PROBLEM STATEMENT:
With all pictures omitted, return verbatim the lines from the beginning of the records below through the line containing "doc.layers.add(name, color=color, linetype=linetype)".

Stored dataset items:
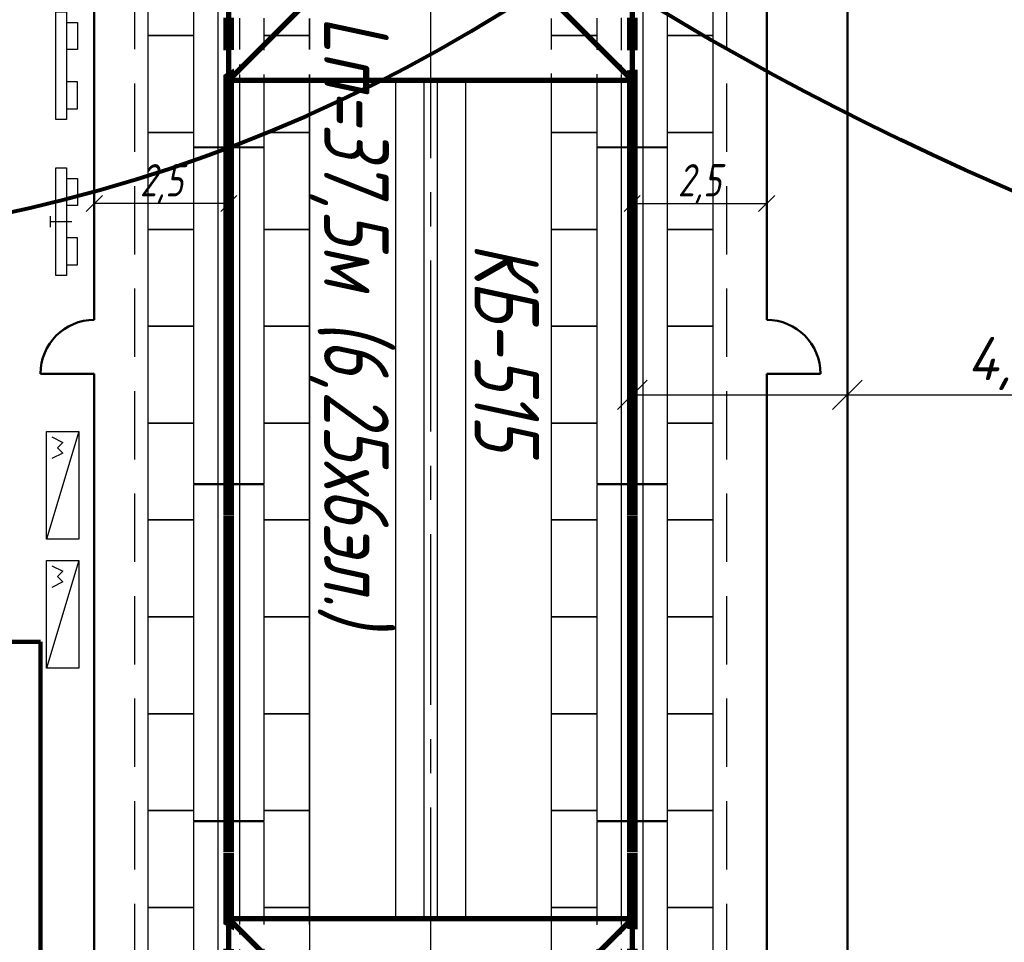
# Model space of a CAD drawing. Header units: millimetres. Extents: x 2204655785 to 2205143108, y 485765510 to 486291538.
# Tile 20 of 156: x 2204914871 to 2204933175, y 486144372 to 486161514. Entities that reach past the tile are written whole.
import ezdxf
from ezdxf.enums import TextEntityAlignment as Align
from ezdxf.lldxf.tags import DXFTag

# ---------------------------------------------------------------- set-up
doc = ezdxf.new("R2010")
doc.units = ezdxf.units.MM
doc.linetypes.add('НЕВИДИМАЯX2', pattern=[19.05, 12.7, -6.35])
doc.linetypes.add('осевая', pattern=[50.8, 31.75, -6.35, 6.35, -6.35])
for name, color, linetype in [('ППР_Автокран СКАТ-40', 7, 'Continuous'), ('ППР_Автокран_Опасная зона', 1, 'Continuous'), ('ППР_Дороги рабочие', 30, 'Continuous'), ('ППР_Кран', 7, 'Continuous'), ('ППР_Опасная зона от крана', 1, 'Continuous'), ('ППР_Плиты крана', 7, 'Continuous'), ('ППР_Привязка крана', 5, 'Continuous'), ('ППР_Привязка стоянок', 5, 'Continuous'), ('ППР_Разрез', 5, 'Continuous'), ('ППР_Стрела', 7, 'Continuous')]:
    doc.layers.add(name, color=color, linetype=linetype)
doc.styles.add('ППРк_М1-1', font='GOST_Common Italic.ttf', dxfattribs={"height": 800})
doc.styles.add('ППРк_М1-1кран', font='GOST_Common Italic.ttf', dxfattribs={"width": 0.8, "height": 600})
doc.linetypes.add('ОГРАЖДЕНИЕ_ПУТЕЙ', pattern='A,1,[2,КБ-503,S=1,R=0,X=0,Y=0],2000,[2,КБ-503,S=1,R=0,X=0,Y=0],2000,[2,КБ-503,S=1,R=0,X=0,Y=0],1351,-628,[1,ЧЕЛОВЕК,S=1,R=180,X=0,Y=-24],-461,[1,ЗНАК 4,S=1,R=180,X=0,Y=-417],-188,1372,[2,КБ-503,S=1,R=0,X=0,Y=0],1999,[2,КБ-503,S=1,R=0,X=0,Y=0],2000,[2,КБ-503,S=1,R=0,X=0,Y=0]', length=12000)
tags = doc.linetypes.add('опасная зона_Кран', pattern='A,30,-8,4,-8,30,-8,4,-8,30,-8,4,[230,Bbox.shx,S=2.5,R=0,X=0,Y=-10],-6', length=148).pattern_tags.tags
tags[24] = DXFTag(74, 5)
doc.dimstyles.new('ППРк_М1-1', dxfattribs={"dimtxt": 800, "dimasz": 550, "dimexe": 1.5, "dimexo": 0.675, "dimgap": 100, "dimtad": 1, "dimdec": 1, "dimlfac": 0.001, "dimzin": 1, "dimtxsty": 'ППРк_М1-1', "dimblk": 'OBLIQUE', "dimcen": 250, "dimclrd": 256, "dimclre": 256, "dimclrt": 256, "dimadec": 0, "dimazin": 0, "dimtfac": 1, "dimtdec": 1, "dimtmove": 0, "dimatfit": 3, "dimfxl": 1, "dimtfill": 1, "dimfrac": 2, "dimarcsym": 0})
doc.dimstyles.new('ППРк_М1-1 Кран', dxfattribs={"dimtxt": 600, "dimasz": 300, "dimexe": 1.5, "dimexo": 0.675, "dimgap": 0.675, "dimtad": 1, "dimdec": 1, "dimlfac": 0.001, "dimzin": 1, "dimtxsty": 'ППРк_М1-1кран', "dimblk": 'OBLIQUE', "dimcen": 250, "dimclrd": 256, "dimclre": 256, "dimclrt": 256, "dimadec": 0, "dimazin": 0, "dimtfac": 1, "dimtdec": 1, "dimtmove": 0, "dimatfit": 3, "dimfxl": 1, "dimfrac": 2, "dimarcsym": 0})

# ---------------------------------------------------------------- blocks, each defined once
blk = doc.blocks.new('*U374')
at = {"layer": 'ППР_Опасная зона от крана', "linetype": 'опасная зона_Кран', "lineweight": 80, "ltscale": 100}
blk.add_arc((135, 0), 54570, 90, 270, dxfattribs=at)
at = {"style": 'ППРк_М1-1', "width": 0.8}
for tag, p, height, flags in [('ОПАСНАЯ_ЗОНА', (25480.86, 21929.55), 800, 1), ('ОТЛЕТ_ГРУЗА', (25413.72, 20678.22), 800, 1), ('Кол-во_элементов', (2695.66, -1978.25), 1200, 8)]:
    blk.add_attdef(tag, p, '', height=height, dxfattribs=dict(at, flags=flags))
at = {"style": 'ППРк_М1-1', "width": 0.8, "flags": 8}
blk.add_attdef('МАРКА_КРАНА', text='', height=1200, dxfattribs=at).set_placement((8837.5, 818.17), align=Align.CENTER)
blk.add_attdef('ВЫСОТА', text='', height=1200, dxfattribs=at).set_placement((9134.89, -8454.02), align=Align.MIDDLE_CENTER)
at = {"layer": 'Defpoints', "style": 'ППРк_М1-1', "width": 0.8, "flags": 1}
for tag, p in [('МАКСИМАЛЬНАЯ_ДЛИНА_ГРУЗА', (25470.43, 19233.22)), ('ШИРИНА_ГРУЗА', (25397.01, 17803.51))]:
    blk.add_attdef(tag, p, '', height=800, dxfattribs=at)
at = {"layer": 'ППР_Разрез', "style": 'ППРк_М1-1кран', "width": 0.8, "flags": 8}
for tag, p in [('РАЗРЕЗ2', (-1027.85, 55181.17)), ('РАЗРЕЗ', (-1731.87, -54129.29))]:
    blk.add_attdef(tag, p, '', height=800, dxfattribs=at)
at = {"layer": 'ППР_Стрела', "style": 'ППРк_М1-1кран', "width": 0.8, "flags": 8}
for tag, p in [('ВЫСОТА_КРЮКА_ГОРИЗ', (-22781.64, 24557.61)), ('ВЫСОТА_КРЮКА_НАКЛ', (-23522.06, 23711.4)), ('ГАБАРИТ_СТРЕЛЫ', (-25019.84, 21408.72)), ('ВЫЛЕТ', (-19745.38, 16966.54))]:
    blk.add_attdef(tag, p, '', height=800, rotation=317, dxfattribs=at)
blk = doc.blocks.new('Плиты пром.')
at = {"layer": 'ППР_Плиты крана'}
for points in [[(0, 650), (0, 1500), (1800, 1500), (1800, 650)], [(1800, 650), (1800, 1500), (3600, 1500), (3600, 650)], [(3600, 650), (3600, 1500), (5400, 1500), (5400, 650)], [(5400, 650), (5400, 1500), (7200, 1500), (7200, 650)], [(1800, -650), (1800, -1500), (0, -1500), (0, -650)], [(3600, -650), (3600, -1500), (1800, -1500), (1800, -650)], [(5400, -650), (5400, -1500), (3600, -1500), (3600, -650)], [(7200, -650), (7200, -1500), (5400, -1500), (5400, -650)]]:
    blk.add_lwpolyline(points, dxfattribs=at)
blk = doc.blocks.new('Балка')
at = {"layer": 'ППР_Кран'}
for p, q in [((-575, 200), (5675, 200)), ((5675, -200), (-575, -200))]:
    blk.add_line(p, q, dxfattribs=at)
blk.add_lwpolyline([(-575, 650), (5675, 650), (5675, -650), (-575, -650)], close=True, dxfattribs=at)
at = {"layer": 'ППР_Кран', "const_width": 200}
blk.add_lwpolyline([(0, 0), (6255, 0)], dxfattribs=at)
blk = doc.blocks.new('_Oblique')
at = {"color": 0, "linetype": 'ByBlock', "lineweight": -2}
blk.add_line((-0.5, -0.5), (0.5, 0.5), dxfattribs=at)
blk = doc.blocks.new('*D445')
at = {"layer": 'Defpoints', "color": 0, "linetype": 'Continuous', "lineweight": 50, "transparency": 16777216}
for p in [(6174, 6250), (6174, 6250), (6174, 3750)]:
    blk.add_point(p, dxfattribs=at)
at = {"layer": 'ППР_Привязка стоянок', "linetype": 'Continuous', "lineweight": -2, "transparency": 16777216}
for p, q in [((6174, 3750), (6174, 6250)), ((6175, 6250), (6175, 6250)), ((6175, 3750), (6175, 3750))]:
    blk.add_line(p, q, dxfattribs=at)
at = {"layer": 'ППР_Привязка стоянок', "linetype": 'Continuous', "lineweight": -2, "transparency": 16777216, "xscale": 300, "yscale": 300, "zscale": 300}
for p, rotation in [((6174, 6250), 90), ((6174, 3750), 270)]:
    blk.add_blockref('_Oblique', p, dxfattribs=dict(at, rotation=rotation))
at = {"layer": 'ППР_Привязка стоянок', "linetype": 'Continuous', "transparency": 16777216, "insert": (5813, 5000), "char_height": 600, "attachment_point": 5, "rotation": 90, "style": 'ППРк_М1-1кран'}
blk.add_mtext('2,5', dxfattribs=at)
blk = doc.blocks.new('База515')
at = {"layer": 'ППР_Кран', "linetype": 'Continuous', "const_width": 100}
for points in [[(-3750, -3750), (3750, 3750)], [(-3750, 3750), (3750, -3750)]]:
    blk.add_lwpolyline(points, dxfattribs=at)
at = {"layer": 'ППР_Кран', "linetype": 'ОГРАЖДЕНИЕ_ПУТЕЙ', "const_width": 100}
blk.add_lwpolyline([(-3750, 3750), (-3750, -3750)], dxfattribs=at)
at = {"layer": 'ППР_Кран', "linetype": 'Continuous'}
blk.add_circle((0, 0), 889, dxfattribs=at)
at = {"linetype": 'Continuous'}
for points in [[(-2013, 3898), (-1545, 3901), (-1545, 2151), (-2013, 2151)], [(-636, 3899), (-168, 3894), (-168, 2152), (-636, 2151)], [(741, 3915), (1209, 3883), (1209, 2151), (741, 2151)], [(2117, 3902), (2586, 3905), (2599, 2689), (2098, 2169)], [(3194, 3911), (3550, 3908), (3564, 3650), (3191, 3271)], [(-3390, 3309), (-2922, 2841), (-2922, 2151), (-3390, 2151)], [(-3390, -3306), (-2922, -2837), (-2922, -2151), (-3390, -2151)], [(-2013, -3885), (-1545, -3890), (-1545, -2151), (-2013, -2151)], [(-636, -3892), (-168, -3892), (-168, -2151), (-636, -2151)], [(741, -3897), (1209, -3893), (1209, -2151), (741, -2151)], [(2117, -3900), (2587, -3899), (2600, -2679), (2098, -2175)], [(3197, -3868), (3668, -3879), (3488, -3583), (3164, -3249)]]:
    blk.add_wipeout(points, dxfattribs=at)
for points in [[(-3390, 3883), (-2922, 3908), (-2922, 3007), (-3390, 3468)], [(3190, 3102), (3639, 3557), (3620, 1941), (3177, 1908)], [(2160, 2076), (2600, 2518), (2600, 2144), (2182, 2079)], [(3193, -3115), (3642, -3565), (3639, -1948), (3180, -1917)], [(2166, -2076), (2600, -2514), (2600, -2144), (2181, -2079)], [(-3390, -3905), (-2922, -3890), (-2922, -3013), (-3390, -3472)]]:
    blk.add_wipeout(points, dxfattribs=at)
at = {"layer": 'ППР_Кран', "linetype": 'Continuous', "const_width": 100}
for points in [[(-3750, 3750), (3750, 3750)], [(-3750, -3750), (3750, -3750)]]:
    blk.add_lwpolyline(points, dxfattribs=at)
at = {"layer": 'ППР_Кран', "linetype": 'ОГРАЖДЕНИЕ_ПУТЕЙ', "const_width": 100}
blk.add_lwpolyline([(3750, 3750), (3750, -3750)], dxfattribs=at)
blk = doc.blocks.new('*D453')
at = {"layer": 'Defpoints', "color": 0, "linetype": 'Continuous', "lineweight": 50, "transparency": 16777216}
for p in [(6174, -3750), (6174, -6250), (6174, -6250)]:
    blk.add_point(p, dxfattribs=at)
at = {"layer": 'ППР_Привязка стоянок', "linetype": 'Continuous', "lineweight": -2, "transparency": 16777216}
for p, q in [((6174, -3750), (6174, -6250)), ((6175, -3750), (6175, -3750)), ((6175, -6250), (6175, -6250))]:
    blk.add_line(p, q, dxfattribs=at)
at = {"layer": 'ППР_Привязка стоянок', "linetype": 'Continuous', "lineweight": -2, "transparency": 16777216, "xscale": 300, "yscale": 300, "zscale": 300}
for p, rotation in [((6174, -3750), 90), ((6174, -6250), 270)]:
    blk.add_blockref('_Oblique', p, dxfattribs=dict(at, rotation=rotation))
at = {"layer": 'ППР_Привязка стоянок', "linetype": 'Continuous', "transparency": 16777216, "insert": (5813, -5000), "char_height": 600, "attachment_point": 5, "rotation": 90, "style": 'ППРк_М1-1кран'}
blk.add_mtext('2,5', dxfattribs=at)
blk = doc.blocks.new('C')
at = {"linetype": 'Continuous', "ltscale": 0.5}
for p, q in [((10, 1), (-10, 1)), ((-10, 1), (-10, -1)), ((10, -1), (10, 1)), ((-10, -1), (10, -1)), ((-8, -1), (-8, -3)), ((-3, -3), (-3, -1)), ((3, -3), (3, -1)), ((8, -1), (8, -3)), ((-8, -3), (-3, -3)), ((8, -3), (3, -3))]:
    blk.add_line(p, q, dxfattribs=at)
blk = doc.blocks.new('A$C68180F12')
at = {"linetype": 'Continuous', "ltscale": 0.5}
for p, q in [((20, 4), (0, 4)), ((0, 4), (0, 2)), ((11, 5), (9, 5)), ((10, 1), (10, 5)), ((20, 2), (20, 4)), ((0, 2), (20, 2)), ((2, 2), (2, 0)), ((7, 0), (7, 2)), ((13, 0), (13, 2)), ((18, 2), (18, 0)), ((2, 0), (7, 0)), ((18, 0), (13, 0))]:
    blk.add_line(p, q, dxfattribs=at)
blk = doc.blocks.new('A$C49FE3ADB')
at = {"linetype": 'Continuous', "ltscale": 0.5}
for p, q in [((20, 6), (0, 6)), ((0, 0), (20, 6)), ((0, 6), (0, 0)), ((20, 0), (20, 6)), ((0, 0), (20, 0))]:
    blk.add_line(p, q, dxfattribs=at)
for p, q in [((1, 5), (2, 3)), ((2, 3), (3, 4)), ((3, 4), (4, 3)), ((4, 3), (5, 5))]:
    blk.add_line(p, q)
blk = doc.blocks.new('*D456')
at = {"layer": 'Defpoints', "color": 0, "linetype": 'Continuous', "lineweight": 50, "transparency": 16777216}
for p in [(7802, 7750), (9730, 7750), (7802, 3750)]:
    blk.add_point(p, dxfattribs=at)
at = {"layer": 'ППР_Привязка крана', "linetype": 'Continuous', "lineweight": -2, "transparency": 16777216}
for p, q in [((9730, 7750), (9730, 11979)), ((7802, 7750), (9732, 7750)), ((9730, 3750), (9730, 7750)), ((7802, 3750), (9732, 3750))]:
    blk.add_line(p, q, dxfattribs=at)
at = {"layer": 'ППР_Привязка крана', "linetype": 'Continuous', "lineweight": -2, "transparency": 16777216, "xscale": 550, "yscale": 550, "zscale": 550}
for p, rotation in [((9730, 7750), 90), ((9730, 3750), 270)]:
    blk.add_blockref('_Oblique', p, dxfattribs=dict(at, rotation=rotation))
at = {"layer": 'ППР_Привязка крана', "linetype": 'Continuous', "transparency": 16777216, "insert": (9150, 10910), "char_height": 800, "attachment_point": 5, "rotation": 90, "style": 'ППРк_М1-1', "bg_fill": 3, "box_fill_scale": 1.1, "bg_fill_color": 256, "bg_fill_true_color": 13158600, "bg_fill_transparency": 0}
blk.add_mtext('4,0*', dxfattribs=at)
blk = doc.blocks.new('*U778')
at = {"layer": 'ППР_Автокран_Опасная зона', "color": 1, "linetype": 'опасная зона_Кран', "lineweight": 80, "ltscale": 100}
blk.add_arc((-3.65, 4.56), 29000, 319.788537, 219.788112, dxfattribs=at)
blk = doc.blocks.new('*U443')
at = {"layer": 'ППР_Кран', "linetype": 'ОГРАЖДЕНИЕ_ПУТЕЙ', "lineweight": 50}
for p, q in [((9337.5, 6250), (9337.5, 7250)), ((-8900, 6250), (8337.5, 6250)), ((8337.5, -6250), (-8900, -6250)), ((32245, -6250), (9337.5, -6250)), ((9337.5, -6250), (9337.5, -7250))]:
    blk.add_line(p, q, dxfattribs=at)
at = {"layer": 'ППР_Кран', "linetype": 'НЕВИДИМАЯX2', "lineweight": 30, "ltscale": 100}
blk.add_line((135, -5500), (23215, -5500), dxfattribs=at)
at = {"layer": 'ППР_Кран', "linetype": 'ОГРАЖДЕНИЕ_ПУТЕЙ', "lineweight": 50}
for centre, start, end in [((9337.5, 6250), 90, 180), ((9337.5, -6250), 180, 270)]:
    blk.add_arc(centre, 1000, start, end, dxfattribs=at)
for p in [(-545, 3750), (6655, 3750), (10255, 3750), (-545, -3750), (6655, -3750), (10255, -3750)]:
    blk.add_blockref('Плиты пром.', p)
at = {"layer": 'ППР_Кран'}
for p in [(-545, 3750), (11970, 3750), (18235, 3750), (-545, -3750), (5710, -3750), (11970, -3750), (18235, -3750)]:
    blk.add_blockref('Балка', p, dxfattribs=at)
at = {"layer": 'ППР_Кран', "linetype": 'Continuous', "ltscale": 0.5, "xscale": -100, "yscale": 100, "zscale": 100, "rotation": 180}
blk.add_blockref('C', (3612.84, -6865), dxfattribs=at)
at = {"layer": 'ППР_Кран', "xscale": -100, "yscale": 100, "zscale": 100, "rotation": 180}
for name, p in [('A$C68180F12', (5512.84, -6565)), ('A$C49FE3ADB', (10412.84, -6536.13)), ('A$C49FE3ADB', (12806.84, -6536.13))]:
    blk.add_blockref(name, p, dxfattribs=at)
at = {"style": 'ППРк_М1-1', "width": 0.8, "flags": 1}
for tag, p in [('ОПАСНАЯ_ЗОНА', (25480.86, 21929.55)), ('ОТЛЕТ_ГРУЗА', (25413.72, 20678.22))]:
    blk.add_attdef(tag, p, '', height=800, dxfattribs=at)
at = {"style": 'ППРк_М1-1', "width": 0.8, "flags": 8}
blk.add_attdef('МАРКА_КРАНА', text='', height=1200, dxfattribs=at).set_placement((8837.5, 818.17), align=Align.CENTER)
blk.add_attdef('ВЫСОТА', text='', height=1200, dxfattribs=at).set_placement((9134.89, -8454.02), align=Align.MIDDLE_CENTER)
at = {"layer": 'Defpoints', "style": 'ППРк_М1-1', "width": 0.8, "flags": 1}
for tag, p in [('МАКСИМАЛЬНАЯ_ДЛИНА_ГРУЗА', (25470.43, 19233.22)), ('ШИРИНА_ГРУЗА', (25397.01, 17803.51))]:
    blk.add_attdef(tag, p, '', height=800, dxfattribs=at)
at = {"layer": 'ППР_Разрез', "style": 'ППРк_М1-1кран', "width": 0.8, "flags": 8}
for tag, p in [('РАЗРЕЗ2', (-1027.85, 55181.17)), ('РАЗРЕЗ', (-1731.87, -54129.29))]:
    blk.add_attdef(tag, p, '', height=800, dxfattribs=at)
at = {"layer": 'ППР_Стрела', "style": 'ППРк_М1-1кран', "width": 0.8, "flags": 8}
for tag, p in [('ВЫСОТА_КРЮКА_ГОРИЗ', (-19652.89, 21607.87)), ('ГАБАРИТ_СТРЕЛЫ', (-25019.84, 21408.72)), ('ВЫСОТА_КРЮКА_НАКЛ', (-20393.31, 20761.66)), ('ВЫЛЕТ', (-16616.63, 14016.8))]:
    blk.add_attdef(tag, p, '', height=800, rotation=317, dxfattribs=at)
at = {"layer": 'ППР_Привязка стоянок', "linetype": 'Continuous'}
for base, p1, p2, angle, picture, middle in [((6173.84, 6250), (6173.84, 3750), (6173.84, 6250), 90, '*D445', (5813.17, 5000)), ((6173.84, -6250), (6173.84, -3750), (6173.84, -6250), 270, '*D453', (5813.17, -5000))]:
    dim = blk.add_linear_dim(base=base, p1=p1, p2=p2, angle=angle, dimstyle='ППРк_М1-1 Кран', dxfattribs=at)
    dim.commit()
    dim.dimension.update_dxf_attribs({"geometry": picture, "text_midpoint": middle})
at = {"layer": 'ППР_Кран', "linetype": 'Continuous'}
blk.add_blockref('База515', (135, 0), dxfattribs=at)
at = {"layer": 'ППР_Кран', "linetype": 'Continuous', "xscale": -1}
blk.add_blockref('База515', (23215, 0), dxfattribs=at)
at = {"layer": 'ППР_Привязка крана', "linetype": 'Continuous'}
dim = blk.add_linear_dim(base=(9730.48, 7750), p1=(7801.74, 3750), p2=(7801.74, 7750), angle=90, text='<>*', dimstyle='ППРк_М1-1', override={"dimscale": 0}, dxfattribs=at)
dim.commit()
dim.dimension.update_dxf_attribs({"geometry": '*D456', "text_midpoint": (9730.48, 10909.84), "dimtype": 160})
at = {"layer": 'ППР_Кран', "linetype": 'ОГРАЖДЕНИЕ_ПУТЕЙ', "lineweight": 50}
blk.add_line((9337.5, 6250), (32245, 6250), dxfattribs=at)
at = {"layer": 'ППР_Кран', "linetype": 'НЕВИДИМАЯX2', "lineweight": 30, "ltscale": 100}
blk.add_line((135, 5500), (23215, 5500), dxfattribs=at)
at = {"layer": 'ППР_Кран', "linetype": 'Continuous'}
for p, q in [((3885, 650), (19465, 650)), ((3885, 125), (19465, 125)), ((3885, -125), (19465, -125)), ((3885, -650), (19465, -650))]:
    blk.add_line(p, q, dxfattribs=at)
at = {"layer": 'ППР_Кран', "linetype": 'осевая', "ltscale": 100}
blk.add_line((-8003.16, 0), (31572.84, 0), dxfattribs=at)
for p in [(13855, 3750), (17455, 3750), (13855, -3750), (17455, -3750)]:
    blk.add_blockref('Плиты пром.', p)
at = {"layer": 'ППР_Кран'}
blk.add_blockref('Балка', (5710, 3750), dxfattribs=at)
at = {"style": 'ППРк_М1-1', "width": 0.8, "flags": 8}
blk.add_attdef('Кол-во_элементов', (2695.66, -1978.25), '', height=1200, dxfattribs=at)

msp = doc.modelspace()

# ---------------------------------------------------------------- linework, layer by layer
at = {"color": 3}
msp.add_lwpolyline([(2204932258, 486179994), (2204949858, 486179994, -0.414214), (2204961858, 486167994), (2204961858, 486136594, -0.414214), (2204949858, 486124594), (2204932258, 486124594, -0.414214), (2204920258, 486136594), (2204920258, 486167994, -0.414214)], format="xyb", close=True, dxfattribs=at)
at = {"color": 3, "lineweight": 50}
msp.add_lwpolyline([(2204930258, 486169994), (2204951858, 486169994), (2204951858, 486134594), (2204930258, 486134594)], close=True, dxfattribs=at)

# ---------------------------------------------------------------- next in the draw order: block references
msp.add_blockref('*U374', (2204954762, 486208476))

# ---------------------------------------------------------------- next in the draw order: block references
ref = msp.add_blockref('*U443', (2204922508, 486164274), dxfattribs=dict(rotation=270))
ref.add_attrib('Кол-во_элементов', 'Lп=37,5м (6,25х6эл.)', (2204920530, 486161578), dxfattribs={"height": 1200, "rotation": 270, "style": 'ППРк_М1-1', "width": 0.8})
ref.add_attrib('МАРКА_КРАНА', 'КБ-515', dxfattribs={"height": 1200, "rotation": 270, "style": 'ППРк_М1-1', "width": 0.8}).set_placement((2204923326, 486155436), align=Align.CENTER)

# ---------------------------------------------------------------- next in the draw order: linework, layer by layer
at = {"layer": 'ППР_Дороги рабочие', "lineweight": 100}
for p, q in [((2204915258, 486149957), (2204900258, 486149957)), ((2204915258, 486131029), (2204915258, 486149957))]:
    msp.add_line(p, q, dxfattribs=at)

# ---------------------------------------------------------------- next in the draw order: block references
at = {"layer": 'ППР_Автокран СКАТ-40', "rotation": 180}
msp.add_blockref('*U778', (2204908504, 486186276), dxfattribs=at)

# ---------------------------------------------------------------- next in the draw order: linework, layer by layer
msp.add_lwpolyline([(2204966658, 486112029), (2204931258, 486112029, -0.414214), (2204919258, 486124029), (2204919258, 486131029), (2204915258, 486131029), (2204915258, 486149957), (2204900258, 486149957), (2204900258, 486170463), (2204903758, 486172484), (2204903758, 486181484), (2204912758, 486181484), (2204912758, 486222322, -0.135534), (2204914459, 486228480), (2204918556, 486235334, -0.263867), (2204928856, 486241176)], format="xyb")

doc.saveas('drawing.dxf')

OUTPUT FOR THIS TASK:
# Model space of a CAD drawing. Header units: millimetres. Extents: x 2204655785 to 2205143108, y 485765510 to 486291538.
# Tile 20 of 156: x 2204914871 to 2204933175, y 486144372 to 486161514. Entities that reach past the tile are written whole.
import ezdxf
from ezdxf.enums import TextEntityAlignment as Align
from ezdxf.lldxf.tags import DXFTag

# ---------------------------------------------------------------- set-up
doc = ezdxf.new("R2010")
doc.units = ezdxf.units.MM
doc.linetypes.add('НЕВИДИМАЯX2', pattern=[19.05, 12.7, -6.35])
doc.linetypes.add('осевая', pattern=[50.8, 31.75, -6.35, 6.35, -6.35])
for name, color, linetype in [('ППР_Автокран СКАТ-40', 7, 'Continuous'), ('ППР_Автокран_Опасная зона', 1, 'Continuous'), ('ППР_Дороги рабочие', 30, 'Continuous'), ('ППР_Кран', 7, 'Continuous'), ('ППР_Опасная зона от крана', 1, 'Continuous'), ('ППР_Плиты крана', 7, 'Continuous'), ('ППР_Привязка крана', 5, 'Continuous'), ('ППР_Привязка стоянок', 5, 'Continuous'), ('ППР_Разрез', 5, 'Continuous'), ('ППР_Стрела', 7, 'Continuous')]:
    doc.layers.add(name, color=color, linetype=linetype)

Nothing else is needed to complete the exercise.